Authorization services specify that user student can access host server XYZ using Telnet. Accounting
tracks that user student accessed host server XYZ using Telnet on a specific day for 15 minutes.

AAA can be used on various types of network connections. AAA requires a database to keep track of
user credentials, permissions, and account statistics. Local authentication is the simplest form of AAA
and keeps a local database on the gateway router. If an organization has more than a handful of users
authenticating with AAA, the organization must use a database on a separate server.

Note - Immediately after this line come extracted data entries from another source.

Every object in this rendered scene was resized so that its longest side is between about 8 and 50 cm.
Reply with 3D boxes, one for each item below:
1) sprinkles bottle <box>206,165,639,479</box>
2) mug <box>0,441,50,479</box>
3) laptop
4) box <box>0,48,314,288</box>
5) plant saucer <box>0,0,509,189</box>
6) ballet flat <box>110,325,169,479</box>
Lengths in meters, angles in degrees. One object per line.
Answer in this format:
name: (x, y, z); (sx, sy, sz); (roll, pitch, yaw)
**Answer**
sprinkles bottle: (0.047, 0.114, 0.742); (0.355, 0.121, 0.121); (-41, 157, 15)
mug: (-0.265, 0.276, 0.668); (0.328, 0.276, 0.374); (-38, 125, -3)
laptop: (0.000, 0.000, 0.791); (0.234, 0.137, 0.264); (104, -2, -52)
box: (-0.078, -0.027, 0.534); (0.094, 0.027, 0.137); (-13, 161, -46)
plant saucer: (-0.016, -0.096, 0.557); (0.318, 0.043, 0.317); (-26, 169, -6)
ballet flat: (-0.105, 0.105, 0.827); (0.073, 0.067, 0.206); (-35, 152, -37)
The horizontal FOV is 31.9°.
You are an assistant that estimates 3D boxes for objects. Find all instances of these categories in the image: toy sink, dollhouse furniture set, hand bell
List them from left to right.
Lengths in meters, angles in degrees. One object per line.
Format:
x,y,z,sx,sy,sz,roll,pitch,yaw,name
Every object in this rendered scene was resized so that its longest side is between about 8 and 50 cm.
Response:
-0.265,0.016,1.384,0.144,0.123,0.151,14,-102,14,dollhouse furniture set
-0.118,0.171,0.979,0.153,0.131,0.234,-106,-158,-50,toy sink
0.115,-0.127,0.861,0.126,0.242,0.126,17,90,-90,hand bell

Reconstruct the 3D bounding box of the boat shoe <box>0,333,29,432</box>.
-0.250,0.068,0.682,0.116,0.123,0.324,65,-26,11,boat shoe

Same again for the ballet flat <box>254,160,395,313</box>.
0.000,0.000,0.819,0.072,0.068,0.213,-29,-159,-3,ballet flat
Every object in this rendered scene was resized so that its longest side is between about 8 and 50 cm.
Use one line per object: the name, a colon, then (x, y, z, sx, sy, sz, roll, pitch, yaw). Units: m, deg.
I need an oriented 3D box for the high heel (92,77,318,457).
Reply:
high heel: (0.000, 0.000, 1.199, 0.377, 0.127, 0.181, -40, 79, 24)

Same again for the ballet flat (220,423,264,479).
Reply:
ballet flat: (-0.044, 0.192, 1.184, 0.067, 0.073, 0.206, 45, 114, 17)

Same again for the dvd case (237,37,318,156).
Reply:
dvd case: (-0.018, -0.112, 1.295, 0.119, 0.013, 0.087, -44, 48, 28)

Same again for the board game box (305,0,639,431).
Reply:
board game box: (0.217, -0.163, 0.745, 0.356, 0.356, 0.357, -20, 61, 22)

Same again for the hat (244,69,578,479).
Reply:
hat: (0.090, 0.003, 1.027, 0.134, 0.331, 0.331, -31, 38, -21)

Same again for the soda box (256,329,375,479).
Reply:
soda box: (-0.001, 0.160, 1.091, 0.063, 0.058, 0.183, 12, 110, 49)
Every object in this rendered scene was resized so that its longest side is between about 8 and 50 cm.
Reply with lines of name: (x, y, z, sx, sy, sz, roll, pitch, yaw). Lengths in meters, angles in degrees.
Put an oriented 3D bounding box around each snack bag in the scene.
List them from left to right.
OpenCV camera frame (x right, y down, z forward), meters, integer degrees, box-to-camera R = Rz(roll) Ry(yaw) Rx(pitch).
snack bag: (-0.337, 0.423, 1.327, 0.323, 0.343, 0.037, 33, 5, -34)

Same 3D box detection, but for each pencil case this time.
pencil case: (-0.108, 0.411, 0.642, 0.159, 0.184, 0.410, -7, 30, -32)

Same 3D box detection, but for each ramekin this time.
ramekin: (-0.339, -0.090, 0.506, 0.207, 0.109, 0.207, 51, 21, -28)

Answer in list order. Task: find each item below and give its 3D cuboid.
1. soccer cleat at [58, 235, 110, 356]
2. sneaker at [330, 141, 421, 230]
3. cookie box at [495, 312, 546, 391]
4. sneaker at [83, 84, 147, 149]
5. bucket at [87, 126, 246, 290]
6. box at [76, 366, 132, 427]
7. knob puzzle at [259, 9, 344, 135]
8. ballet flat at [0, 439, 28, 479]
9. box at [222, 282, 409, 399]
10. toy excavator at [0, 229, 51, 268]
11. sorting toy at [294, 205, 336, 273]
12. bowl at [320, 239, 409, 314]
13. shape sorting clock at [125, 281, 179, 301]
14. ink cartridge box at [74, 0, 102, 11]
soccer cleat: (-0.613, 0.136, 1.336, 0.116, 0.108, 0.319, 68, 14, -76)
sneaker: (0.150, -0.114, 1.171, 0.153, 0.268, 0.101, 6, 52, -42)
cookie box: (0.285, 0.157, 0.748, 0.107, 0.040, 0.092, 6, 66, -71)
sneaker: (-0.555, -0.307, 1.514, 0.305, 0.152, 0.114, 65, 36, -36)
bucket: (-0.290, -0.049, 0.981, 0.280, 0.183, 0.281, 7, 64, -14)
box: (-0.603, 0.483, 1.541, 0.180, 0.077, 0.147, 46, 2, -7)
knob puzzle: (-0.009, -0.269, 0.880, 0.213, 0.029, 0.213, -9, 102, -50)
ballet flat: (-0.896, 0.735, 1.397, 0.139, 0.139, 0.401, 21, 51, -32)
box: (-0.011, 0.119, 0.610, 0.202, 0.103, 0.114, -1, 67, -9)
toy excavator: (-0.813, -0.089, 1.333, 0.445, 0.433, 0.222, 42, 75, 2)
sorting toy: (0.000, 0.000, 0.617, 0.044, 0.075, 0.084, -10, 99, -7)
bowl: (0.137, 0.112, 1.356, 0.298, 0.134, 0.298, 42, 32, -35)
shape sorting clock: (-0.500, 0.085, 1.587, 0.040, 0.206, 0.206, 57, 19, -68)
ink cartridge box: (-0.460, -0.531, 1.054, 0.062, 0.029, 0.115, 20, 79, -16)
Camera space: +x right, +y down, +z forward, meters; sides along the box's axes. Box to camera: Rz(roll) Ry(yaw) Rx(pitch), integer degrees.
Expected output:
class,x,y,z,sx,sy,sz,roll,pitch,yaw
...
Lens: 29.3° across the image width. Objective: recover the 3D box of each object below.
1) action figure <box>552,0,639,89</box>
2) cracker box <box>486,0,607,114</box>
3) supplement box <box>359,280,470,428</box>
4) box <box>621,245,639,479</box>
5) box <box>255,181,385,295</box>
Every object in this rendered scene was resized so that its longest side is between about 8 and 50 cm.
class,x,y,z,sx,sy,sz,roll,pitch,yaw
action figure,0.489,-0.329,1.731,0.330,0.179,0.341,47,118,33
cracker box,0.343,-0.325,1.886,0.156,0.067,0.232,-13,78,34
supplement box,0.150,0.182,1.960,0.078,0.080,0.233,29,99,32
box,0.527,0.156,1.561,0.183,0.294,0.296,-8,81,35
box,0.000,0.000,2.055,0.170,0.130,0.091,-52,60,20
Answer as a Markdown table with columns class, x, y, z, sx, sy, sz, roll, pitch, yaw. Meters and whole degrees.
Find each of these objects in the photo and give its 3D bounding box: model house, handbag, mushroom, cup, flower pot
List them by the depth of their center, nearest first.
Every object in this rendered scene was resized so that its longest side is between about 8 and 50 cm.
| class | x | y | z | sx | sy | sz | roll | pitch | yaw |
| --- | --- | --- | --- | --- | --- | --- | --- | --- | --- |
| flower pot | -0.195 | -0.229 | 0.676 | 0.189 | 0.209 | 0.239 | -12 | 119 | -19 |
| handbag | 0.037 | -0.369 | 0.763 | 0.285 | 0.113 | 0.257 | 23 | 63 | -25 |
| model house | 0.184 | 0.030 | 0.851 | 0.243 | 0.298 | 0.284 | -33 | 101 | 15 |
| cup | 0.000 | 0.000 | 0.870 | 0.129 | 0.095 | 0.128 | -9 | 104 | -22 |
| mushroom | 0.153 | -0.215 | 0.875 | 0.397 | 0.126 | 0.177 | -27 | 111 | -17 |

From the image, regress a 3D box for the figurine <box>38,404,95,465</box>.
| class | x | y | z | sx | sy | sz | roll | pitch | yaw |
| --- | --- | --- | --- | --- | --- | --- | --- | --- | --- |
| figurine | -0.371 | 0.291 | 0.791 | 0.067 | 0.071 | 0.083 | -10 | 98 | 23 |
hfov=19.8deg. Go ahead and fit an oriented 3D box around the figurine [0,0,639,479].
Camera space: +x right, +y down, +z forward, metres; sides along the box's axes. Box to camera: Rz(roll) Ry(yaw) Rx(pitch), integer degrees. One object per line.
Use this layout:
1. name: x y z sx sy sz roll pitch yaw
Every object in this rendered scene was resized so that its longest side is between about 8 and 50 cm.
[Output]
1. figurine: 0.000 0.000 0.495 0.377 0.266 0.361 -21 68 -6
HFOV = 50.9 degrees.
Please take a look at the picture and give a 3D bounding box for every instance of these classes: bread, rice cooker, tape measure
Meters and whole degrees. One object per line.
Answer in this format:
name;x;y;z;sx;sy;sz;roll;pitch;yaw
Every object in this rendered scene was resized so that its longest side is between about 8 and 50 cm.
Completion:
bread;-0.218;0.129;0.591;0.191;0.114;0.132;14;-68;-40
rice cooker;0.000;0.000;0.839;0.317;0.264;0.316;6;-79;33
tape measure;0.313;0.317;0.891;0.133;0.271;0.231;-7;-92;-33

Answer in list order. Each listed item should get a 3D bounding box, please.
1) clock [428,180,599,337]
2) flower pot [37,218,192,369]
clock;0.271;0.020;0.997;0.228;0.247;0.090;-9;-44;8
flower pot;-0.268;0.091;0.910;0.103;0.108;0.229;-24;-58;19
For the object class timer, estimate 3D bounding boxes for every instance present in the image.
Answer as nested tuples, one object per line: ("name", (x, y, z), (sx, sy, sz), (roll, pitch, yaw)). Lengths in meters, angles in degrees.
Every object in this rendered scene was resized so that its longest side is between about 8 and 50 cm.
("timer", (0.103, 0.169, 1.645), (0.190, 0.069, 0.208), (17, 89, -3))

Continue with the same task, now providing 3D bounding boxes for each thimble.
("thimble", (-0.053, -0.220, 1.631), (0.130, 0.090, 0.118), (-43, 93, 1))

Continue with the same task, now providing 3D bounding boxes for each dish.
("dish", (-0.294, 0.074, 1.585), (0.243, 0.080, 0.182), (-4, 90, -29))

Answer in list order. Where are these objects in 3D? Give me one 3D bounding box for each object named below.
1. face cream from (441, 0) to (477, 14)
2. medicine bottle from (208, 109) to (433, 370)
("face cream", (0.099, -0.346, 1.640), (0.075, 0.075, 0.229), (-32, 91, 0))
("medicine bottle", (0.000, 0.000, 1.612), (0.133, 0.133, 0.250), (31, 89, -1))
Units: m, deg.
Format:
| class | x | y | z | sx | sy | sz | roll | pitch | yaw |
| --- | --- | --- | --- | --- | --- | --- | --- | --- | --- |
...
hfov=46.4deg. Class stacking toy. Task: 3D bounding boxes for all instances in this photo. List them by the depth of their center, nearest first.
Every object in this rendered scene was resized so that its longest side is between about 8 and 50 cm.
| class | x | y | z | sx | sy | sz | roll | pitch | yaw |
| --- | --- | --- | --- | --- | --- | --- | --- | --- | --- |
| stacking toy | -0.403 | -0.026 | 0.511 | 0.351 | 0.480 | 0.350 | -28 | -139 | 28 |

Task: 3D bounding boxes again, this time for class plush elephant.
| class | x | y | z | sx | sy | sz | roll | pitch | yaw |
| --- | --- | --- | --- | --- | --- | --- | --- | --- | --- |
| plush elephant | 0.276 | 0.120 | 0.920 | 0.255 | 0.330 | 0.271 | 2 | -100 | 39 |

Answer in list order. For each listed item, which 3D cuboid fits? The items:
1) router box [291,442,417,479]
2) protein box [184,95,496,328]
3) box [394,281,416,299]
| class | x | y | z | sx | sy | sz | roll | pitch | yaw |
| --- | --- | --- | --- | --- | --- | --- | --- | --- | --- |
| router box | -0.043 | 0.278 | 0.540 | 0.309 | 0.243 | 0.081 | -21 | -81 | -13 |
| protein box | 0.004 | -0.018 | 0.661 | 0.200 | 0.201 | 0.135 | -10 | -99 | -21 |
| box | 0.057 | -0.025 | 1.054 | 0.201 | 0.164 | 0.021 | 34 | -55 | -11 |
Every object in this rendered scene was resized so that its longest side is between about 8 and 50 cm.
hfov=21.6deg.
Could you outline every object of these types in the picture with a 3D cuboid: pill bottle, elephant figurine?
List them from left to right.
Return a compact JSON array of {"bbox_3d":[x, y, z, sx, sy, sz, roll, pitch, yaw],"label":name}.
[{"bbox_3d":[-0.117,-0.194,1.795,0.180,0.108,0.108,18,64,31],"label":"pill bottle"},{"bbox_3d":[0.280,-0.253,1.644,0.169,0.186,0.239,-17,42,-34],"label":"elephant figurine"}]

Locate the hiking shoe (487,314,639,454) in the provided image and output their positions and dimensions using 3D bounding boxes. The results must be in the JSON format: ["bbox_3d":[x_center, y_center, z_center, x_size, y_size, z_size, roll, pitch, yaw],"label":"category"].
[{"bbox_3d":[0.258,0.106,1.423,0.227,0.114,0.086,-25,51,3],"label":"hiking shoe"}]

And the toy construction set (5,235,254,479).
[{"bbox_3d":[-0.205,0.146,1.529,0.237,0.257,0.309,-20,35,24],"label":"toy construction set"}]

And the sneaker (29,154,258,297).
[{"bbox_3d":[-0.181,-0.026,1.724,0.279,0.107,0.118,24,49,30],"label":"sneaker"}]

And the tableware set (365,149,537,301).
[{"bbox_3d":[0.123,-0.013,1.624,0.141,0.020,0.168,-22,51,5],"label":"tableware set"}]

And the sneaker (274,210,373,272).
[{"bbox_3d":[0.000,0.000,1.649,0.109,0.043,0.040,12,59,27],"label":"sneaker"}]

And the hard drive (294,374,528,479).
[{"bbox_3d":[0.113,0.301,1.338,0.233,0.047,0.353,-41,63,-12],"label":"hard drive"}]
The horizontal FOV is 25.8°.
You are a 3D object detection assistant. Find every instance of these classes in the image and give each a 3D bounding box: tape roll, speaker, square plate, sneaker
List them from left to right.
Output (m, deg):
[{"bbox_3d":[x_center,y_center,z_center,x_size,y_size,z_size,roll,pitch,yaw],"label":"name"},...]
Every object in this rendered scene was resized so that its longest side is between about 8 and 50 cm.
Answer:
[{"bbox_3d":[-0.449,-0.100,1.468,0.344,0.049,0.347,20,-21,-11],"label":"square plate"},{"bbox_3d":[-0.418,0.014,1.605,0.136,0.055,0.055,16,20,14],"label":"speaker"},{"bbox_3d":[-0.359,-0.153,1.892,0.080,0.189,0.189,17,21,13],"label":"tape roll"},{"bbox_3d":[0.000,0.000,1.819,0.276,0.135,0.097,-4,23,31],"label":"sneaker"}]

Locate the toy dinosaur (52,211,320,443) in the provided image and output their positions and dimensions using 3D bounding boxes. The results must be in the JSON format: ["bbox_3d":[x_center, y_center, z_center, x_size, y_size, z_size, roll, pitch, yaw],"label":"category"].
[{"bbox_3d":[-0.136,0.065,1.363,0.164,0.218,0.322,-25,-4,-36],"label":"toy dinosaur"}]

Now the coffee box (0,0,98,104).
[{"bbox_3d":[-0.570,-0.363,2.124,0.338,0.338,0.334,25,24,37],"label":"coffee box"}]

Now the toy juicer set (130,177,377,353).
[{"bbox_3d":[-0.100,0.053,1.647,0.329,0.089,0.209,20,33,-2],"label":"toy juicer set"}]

Access Control List and Port Filtering

Even with the use of AAA and encryption, there are still many different types of attacks that an ISP must
protect against. ISPs are especially vulnerable to denial-of-service (DoS) attacks, because the ISP may
host sites for many different registered domain names that may or may not require authentication.
Currently, there are three key types of DoS attacks.

DoS

A standard DoS attack is when a server or service is attacked to prevent legitimate access to that service.
Some examples of standard DoS attacks are SYN floods, ping floods, LAND attacks, bandwidth
consumption attacks, and buffer overflow attacks.

DDoS

A distributed denial-of-service (DDoS) attack occurs when multiple computers are used to attack a
specific target. The attacker has access to many compromised computer systems, usually on the
Internet. Because of this, the attacker can remotely launch the attack. DDoS attacks are usually the
same kinds of attacks as standard DoS attacks, except that DDoS attacks are run from many computer
systems simultaneously.

DRDoS

A distributed reflected denial-of-service (DRDoS) attack occurs when an attacker sends a spoofed, or
mock, request to many computer systems on the Internet, with the source address modified to be the
targeted computer system. The computer systems that receive the request respond. When the
computer systems respond to the request, all the requests are directed at the target computer system.
Because the attack is reflected, it is very difficult to determine the originator of the attack.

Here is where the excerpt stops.